(Records excerpted from a collection)
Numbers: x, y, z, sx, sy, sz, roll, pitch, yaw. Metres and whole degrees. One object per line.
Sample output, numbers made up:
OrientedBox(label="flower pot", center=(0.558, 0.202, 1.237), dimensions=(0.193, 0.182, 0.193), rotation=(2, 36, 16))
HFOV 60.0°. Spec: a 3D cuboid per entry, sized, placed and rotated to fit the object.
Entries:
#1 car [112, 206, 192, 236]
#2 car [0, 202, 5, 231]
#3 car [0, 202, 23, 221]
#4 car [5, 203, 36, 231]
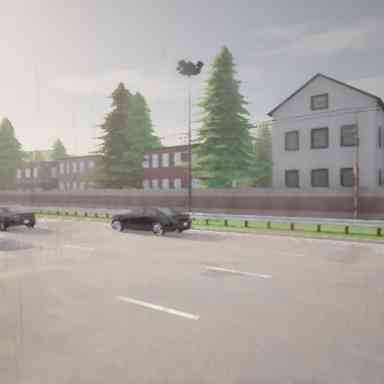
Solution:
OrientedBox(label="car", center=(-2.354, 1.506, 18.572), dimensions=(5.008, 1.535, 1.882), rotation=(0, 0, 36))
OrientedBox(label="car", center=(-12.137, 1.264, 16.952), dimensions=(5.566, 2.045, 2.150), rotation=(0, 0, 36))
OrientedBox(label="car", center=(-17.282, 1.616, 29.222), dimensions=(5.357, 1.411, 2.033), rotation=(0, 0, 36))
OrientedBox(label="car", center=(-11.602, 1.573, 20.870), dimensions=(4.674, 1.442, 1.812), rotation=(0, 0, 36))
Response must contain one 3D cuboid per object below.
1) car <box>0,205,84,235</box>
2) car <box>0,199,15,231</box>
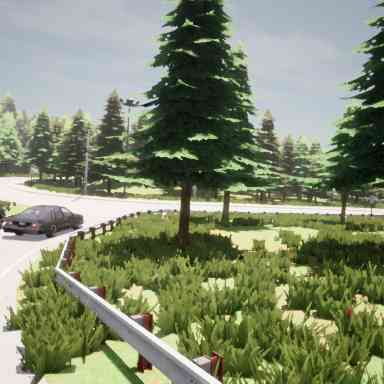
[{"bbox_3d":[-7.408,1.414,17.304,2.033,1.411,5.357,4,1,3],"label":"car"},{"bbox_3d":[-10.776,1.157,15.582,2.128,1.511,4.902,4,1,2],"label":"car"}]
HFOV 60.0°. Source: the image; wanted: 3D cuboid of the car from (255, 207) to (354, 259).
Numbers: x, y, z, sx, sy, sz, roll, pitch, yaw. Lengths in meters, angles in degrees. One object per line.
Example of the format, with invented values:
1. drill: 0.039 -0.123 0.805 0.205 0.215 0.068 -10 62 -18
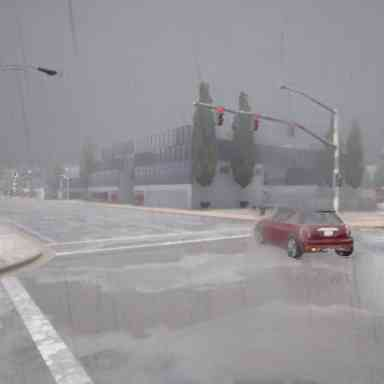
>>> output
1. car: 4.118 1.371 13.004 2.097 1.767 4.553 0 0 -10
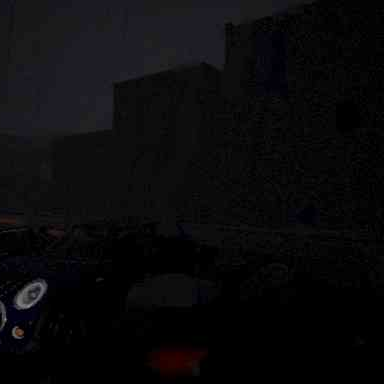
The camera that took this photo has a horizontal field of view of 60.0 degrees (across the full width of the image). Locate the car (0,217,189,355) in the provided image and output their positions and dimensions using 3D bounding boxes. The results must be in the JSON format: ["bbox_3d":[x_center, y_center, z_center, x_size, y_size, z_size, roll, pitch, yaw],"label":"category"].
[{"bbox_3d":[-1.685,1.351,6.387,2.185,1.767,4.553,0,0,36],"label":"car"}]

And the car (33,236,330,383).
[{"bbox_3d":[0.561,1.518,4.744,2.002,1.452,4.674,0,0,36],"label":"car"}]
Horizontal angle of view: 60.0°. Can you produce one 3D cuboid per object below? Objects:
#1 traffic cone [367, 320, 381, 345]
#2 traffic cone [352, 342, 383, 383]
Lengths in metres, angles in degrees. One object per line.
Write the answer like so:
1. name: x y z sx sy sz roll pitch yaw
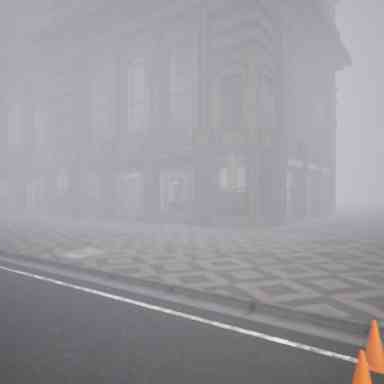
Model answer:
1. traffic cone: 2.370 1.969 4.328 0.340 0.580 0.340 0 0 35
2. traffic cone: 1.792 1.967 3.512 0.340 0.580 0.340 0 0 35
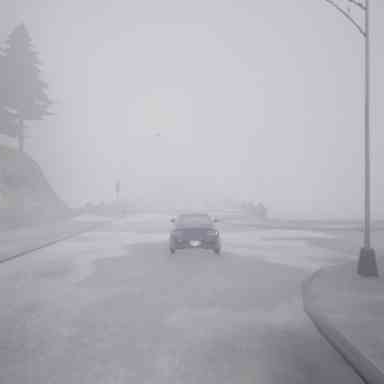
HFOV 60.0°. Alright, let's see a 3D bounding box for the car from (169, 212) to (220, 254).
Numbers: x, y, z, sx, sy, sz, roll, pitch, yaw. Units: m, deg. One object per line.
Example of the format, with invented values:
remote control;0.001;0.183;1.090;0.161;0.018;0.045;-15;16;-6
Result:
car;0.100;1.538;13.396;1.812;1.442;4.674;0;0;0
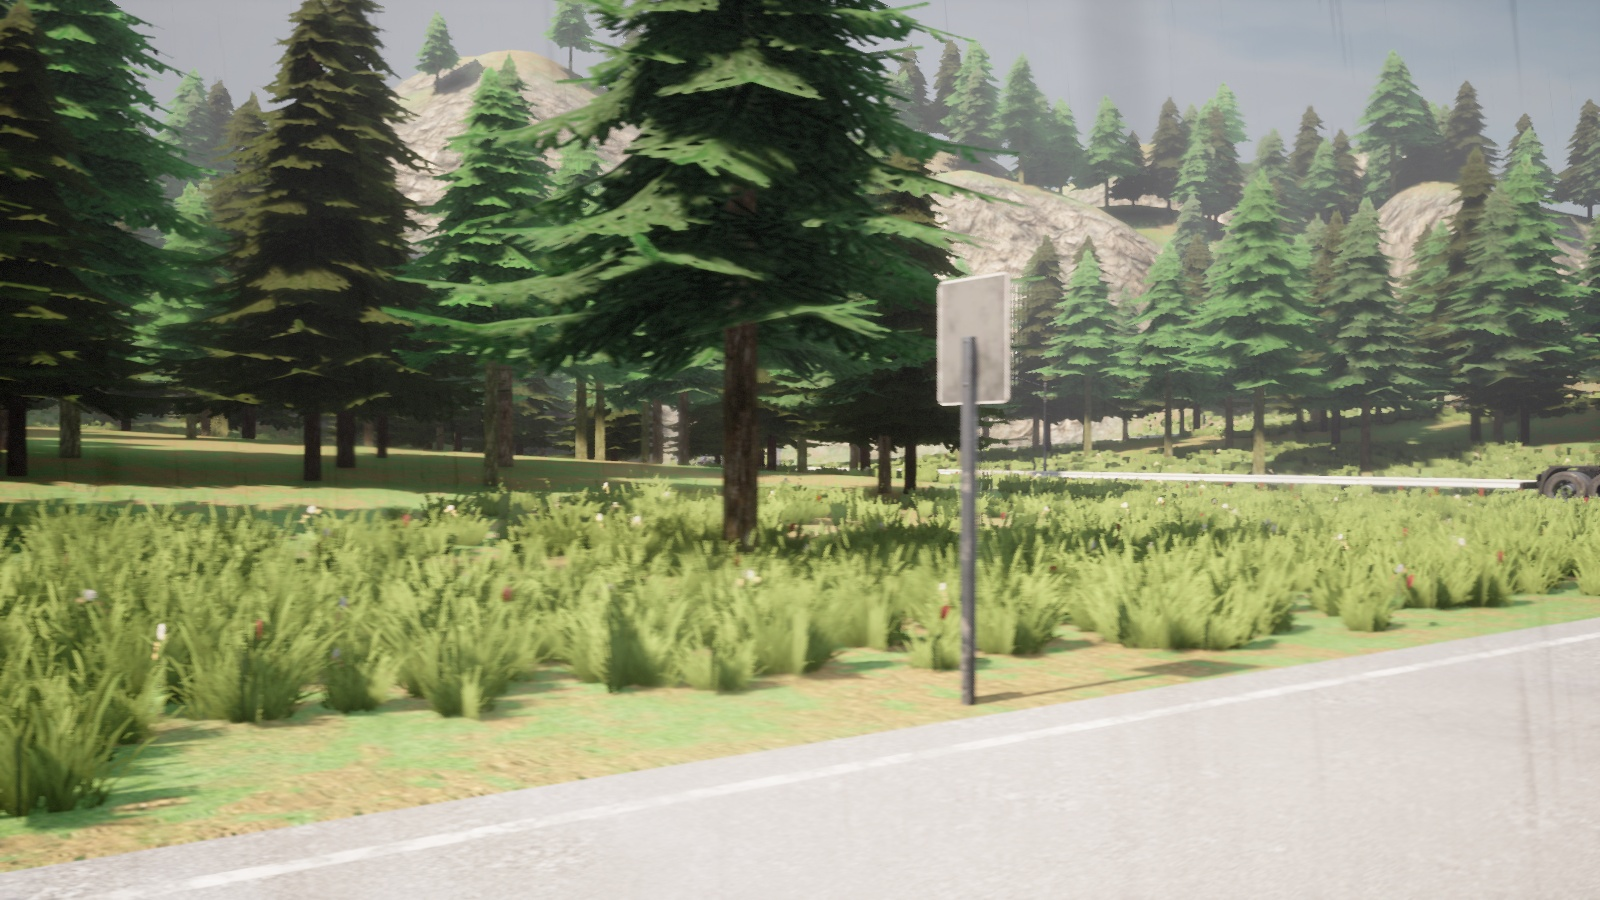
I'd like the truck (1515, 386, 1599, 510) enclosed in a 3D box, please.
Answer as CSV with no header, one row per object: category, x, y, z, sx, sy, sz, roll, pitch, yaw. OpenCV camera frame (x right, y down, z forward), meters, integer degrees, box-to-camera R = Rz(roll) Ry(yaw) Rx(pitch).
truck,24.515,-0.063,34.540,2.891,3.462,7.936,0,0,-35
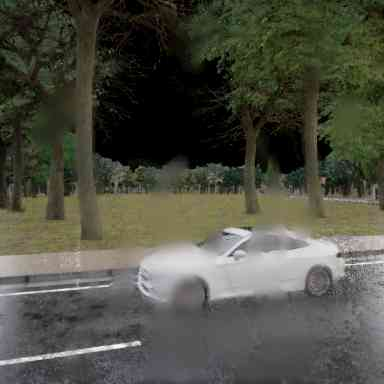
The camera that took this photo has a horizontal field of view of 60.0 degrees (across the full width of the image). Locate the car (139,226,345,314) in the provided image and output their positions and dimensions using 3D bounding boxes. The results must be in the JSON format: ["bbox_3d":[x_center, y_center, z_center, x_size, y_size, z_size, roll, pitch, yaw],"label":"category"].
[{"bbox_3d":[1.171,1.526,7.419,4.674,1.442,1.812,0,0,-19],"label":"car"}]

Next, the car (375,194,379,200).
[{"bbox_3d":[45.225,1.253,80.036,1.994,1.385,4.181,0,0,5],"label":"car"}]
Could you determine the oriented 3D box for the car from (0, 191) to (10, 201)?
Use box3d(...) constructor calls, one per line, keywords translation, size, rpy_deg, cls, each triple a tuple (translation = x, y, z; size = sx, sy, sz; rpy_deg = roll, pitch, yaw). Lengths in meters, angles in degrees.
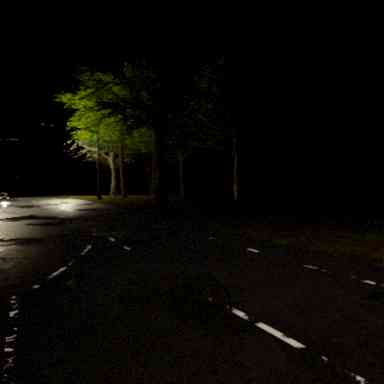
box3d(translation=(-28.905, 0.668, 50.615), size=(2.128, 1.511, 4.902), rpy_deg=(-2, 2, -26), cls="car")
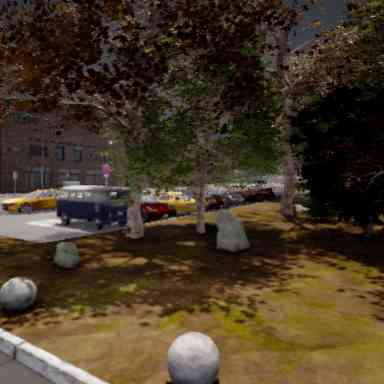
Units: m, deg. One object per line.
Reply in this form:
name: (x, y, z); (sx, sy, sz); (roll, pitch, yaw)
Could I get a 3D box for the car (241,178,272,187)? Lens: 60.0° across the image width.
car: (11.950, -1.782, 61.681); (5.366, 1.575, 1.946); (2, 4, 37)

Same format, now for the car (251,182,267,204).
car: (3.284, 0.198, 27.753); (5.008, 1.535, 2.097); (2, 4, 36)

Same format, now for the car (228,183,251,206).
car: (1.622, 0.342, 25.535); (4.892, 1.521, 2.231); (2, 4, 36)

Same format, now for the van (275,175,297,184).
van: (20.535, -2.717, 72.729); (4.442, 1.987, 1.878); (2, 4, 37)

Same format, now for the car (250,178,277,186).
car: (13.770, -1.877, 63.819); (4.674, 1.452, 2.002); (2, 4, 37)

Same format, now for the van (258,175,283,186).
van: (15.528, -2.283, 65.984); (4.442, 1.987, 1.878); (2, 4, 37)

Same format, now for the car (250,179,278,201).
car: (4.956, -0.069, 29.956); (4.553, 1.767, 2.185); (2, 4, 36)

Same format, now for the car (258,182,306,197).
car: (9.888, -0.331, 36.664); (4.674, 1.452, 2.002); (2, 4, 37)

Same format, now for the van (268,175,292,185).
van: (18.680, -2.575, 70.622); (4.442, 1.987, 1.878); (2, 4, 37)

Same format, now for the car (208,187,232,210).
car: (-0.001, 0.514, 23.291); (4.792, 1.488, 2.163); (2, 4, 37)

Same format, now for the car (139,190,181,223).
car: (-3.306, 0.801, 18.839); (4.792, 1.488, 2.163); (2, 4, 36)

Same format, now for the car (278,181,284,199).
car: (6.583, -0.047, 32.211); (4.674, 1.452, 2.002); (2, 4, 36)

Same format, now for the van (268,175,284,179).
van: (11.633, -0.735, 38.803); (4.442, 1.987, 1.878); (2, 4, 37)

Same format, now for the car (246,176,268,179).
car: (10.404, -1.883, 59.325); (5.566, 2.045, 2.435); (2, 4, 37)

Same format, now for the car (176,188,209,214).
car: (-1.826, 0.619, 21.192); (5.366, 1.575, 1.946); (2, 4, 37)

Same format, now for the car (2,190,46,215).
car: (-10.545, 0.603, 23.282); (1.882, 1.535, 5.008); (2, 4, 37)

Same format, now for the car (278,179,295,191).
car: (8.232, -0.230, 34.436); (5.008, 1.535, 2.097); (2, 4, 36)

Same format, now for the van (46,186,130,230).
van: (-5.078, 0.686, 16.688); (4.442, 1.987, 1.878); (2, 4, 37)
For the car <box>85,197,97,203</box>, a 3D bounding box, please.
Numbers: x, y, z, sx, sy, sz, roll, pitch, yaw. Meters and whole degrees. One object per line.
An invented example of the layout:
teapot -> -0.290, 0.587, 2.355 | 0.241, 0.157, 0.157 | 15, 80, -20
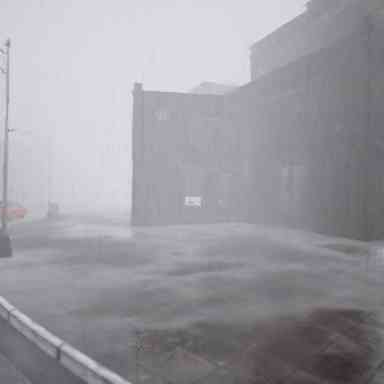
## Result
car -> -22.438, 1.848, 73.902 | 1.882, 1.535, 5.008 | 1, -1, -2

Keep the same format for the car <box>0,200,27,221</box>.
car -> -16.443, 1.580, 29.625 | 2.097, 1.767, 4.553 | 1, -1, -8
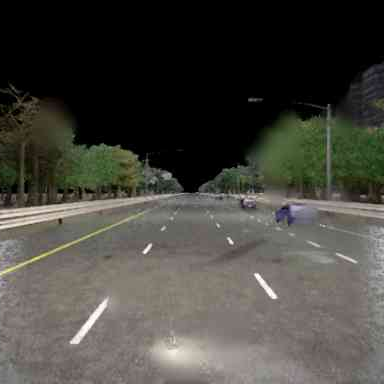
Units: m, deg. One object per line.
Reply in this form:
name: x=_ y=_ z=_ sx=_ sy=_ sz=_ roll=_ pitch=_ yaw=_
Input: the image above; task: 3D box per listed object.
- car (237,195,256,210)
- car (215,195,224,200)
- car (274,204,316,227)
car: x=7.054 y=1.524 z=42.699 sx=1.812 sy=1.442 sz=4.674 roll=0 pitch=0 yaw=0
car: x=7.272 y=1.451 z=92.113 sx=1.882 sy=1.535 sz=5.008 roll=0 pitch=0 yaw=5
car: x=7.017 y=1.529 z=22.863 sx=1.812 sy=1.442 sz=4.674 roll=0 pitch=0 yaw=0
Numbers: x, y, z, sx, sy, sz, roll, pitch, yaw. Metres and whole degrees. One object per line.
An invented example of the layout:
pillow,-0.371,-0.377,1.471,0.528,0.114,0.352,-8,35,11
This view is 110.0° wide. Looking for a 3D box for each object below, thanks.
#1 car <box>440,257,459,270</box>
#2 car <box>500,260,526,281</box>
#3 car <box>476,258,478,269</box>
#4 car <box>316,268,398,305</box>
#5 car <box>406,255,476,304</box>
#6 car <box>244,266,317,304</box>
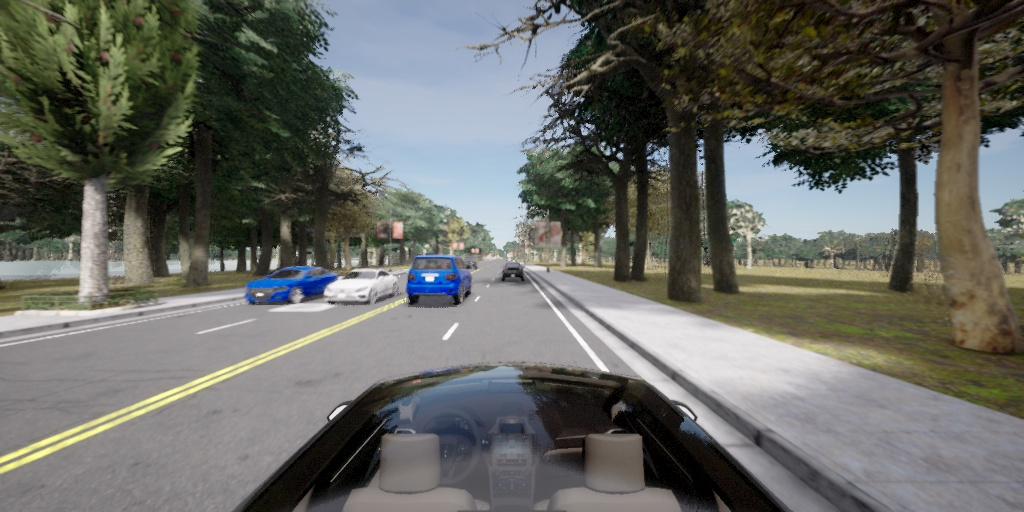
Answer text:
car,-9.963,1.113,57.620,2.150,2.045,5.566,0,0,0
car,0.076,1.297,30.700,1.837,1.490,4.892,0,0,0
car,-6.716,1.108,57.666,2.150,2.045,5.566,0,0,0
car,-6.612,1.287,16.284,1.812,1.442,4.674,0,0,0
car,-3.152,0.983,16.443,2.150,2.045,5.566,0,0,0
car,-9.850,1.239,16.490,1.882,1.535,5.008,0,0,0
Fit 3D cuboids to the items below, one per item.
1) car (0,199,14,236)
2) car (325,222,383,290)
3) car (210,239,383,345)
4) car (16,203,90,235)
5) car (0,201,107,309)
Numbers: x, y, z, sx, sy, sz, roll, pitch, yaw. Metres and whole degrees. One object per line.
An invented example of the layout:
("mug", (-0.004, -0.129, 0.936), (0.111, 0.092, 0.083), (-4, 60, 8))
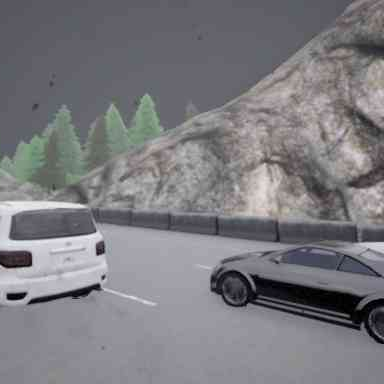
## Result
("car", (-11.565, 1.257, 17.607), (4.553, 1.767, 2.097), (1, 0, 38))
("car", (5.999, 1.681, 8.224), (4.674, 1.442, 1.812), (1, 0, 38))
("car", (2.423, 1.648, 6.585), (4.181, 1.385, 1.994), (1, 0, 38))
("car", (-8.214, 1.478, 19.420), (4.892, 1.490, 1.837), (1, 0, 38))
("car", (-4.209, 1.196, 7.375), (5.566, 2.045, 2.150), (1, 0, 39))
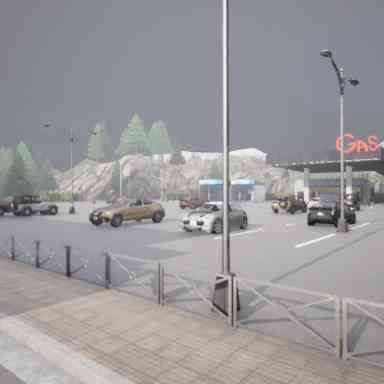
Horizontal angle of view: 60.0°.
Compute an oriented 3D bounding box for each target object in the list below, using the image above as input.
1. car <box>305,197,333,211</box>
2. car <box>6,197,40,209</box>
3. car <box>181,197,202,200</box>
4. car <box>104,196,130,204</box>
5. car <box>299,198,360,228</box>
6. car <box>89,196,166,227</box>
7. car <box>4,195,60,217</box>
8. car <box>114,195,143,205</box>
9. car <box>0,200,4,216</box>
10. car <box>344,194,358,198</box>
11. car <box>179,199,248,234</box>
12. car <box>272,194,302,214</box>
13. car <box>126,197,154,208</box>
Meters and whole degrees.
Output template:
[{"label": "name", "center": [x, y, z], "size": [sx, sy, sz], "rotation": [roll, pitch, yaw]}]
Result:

## DIRECTIONS
Scan the records above for the string "like", and copy every line where it turns up.

## RESULT OF THIS EXERCISE
Write the answer like so:
I'd like the truck (1515, 386, 1599, 510) enclosed in a 3D box, please.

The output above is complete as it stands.